Descending into a narrow valley between ridges colored dull gray by the weather, Elvir began searching the hazy mountainsides for signs of habitation. He remembered discouragingly that the lure of a better life and the pressure of failing land had created large empty belts between the cities, swaths of deserted farmland left to wither untended.

Yet on the slope ahead and to Elvir's right, there seemed to be rows of some plant. He left the road and approached them, discovering that they were like overgrown shoots of crabgrass, long veined ends drooping down from the central stalk. But jutting out from the sides were ears of corn.

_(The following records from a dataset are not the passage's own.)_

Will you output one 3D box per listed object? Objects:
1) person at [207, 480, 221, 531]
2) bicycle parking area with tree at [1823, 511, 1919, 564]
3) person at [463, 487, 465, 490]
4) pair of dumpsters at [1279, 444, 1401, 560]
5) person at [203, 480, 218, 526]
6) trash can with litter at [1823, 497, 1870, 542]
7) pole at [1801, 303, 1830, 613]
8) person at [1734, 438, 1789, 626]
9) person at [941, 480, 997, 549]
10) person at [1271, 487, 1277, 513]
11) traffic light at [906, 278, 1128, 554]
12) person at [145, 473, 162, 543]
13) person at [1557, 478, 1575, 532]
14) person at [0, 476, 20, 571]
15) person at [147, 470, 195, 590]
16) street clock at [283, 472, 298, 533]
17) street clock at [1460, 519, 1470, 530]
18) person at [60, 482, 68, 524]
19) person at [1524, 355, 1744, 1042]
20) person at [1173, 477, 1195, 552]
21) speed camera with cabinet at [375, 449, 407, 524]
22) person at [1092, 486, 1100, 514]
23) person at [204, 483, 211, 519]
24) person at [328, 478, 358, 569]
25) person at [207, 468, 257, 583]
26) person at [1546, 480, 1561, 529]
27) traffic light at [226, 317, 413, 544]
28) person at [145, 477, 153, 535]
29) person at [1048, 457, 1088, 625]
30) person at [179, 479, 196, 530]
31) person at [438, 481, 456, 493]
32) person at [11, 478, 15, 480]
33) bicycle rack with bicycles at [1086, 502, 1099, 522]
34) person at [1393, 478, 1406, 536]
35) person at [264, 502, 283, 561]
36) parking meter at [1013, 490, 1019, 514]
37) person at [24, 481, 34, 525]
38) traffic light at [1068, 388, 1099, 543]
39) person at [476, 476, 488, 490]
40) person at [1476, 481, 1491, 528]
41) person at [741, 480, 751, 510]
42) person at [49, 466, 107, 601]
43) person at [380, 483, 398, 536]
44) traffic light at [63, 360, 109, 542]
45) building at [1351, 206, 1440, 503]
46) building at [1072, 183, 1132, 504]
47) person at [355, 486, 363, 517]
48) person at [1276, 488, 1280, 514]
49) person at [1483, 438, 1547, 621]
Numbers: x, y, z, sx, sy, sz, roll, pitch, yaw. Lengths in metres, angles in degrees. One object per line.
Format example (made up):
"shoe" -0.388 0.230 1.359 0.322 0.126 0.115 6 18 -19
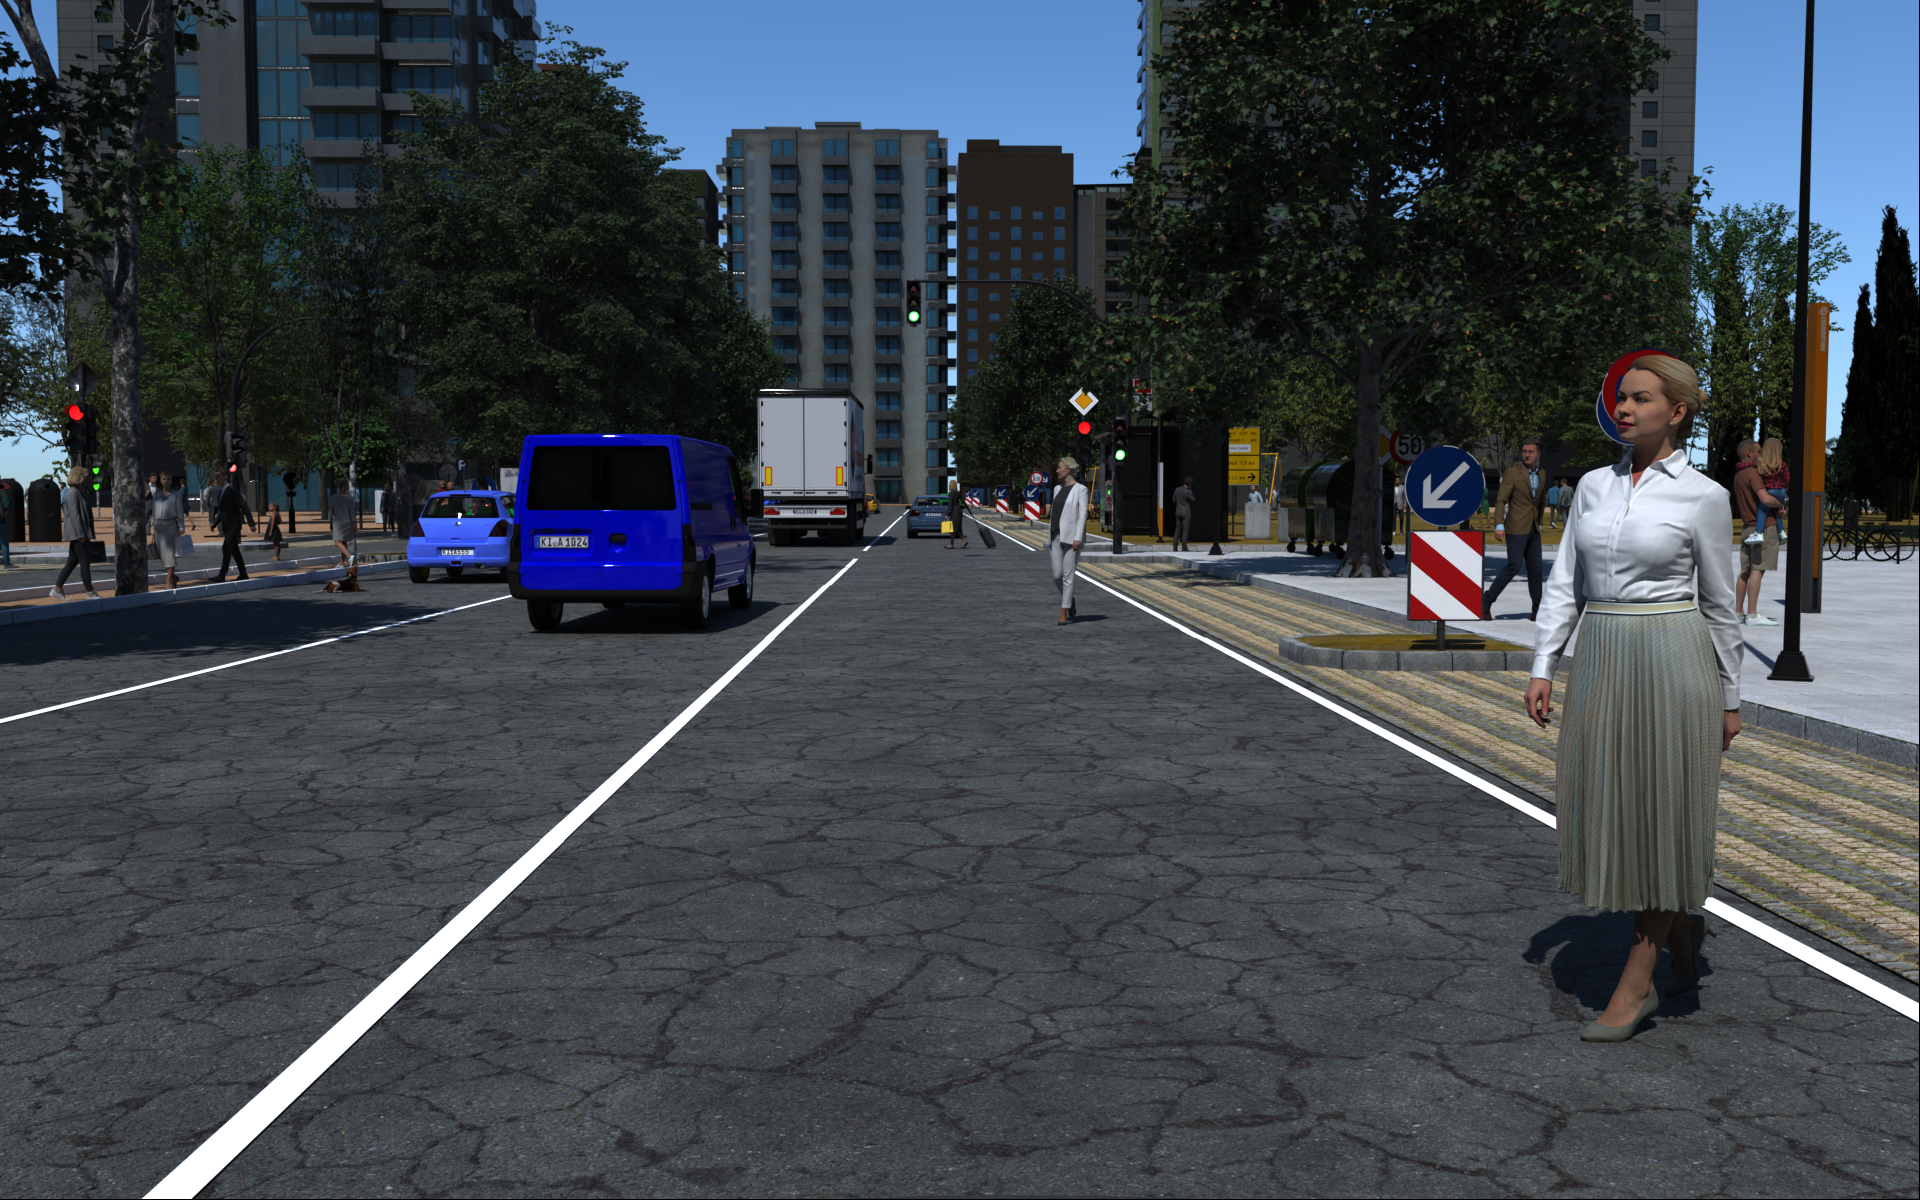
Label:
"person" -25.698 -3.284 59.907 0.661 1.801 0.590 -1 4 -22
"bicycle parking area with tree" 19.923 -2.612 29.703 9.016 4.147 8.231 1 4 18
"person" -34.146 -6.913 119.413 0.721 1.781 0.623 3 5 41
"pair of dumpsters" 7.800 -2.033 35.730 1.574 2.255 4.437 0 4 -1
"person" -29.786 -3.853 68.882 0.795 1.843 0.661 2 4 31
"trash can with litter" 23.752 -2.190 46.858 2.233 1.210 1.678 -2 4 -26
"pole" 9.169 -1.513 18.588 0.158 3.312 0.155 0 3 0
"person" 7.829 -0.670 16.965 0.573 1.828 0.580 -3 5 -45
"person" 0.223 -2.242 45.377 1.509 1.804 0.699 -1 4 -16
"person" 21.725 -6.955 119.981 0.641 1.798 0.478 1 4 14
"traffic light" 1.246 -3.794 36.703 4.771 5.953 1.251 0 4 -1
"person" -21.140 -2.402 45.284 0.822 1.834 0.622 3 4 39
"person" 20.535 -3.217 58.743 0.635 1.810 0.391 -3 4 -36
"person" -17.732 -1.424 31.774 0.794 1.824 0.713 2 4 24
"person" -11.737 -1.034 25.766 0.694 1.780 0.624 1 4 17
"street clock" -21.783 -3.173 56.441 0.471 2.002 0.358 -2 4 -30
"street clock" 10.852 -1.997 37.216 0.471 2.002 0.358 2 4 29
"person" -37.834 -4.096 73.276 0.793 1.790 0.793 1 4 12
"person" 1.872 0.247 4.690 0.641 1.798 0.478 -2 4 -32
"person" 5.477 -2.078 42.281 0.447 1.846 0.655 -3 5 -39
"speed camera with cabinet" -24.580 -4.946 75.207 0.660 3.252 2.038 1 4 16
"person" 8.978 -6.581 113.664 0.581 1.822 0.654 1 4 9
"person" -38.395 -5.053 88.756 0.679 1.850 0.850 -1 4 -12
"person" -11.547 -1.423 32.510 0.760 1.731 0.466 3 4 36
"person" -11.827 -1.201 27.918 0.659 1.850 0.755 3 5 42
"person" 21.936 -3.519 63.920 0.444 1.785 0.601 -3 4 -39
"traffic light" -16.489 -4.271 44.502 4.771 5.953 1.251 0 4 -1
"person" -25.193 -2.908 53.763 0.466 1.800 0.511 1 4 13
"person" 1.213 -0.662 19.208 0.514 1.842 0.818 2 4 24
"person" -27.231 -3.352 60.864 0.654 1.822 0.581 1 4 13
"person" -15.000 -2.579 50.646 0.580 1.828 0.573 -1 4 -19
"person" -33.161 -3.337 60.470 0.748 1.841 0.638 0 4 -4
"bicycle rack with bicycles" 6.056 -4.029 79.257 2.852 0.926 2.925 -1 4 -21
"person" 13.563 -2.928 53.763 0.661 1.843 0.795 1 4 17
"person" -14.764 -1.472 37.230 0.373 1.253 0.362 0 4 -7
"parking meter" 3.659 -6.427 113.489 0.372 1.533 0.369 0 3 0
"person" -38.385 -4.007 71.663 0.635 1.810 0.391 -2 4 -32
"traffic light" 3.178 -3.422 44.869 0.839 4.253 0.868 0 4 -1
"person" -10.245 -1.741 36.973 0.388 1.821 0.555 -2 4 -31
"person" 19.772 -3.613 65.363 0.529 1.795 0.600 2 4 23
"person" -6.520 -2.719 52.768 0.447 1.846 0.655 0 4 -2
"person" -11.750 -0.881 23.080 0.728 1.800 0.709 -1 4 -15
"person" -19.205 -3.043 58.435 0.709 1.800 0.728 0 4 2
"traffic light" -18.421 -2.907 36.443 0.839 4.253 0.868 0 4 -1
"building" 54.148 -32.996 231.359 23.993 40.220 32.217 0 4 -1
"building" 20.945 -32.906 221.609 14.086 41.232 14.154 0 4 -1
"person" -34.261 -5.652 98.478 0.660 1.820 0.620 2 4 27
"person" 20.630 -6.445 111.681 0.793 1.790 0.793 2 4 28
"person" 5.616 -0.700 17.403 0.836 1.842 0.656 2 4 31

"So this is what a corn plant looks like," he muttered, feeling a wet leaf whose broad green surface was scarred with brown.

He raised his head, looking for the house of the person responsible for the crop. On the knee of the mountain, nestled back against the hillside, Elvir made out a smudge that soon resolved into a roof, walls, and a door. He traced the footpath that ran from it down through the cornfield to a point some meters further down the road.

Elvir reached the house breathing heavily from jogging up the path with his pack dragging his shoulders back toward the paved road, toward Lima and Johnson-Stutz's ship. The house, he could now see, was made of crumbling adobe brick shorn up with pockmarked field stone. The roof was a thick, dirty, and disheveled mat of thatch, sagging at spots and ragged where it jutted out from the walls. A porch had been made out of a sheet of warped plywood tied to two rough posts and propped against the roof. Under this shelter sat a weathered man in a woolen poncho and knit cap. An odd wooden shaft, with a cap of black iron sticking out at right angles to one end, was clamped between his knees while he yanked on the cord that he wrapping around it.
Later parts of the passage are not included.